Date: 10/08/01 (1013 review reads)
Rating:

Advantages: Fascinating, compelling, staggeringly detailed

Disadvantages: Too serious

Dune is one of very few science fiction books which I first read in my teens, which I still give shelf space to and which I feel likely to read again. Written in the sixties, it is a product of its time – consciousness expanding drugs and ecological concerns feature heavily - but it manages to remain relevant, despite the fact that technology has already surpassed what most science fiction writers of that era imagined possible.

Frank Herbert has catalogued the future as he sees it exhaustively. Arrakis, or Dune, the desert planet on which the space drama unfolds, has a deceptively rich and varied ecology, one which Herbert has tortured into a logical form by the power of his imagination and his intelligence. Which is really quite a feat, considering the fact that a major part of this ecosystem are monstrous worms, hundreds of metres long which swim through the sand and excrete an hallucinogenic, life extending, addictive, and really quite tasty spice.

But the planet Dune and its creatures are just the beginning of Herbert’s creative virtuosity. We learn that the worm spice, Melange, is the most important substance in the universe, as its use is makes interstellar travel possible by allowing pilots, trained by the monopolistic ‘Spacing Guild’ the facility to achieve ‘the mind-groping-ahead-through-possible-futures that guided hurtling spaceships’. (Put simply, no more spice would mean no more space travel, which would make for a considerable problem when humanity is scattered over thousands of planets across several galaxies.)

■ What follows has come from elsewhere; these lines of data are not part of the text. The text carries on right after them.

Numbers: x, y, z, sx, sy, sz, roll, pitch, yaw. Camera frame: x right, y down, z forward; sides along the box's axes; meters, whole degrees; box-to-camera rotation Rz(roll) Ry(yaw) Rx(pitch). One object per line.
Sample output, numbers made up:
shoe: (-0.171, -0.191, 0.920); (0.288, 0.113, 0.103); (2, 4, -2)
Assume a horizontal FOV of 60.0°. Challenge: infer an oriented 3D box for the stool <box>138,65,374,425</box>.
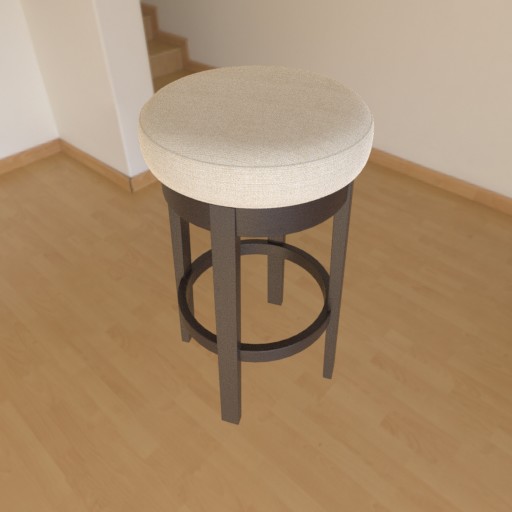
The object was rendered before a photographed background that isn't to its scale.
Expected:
stool: (0.000, 0.000, 1.035); (0.446, 0.758, 0.446); (0, 41, 0)
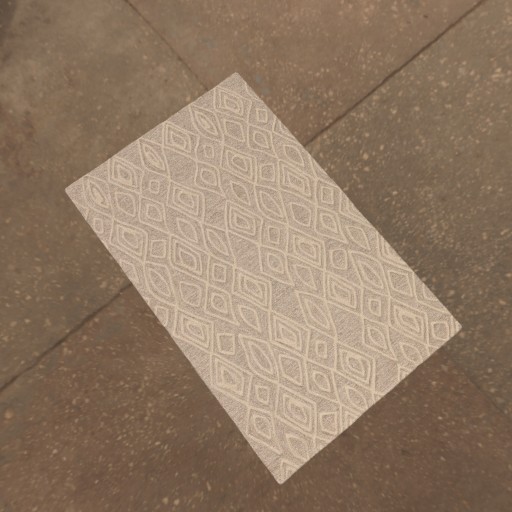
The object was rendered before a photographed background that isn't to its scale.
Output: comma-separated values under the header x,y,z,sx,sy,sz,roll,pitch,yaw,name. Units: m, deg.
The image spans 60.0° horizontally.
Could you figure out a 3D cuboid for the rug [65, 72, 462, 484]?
x,y,z,sx,sy,sz,roll,pitch,yaw,name
0.000,0.000,3.020,1.546,0.010,2.442,-37,79,-8,rug
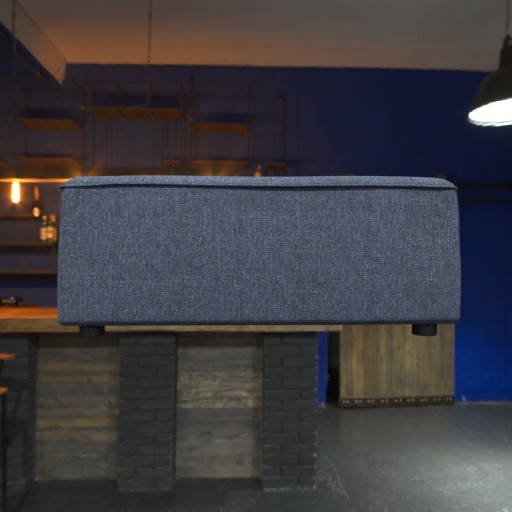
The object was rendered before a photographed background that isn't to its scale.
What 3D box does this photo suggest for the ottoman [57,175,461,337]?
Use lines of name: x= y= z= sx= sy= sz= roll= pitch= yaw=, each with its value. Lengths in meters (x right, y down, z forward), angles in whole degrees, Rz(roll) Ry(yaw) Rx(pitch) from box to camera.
ottoman: x=0.000 y=0.000 z=1.587 sx=1.023 sy=0.423 sz=1.017 roll=0 pitch=-1 yaw=-1

As if that weren’t enough Herbert describes the politics, economics, and science of the brave new universe. Humanity, scattered across planets, is ruled by planetary feudal lords, who are in turn governed by the Landsraad, a political organisation headed by an Emperor, who maintains control through political wrangling of the most Machiavellian order, and the brute force of hi
s personal army. (The deadly Sardaukar, human stock evolved into killing machines through being born and raised on a ‘hell planet’.)

The marketplace of the future is controlled by a massive conglomerate called CHAOM, which takes a slice of all legal commerce in the empire, and wields enormous power in the name of profit. Technology has progressed and regressed, there being laser weapons, space travel and force fields; but computers are long gone, and there is a preference for one to one combat with swords and knives, which initially seems perverse, but is soon explained by the author’s unflagging genius for futurology.

Oh, and there’s religion too. The bible survives and is spread across the galaxy (albeit now available in an edition the size of a thumbtip.) There are nuns of a sort, a sisterhood called the Bene Gesserit (I’d be fascinated to learn where Herbert got all these names from), who are preparing for the second coming, in the form of a super evolved human being they refer to as the Kwisatz Haderach. Coming back full circle, the inhabitants of Dune are also preparing for the second coming, a prophet known to them as the Lisan Al-Gaib (which the glossary explains translates to ‘The Voice from the Outer World’. Oh yes, there’s a glossary. And appendices.) Dune is about the coming of that prophet.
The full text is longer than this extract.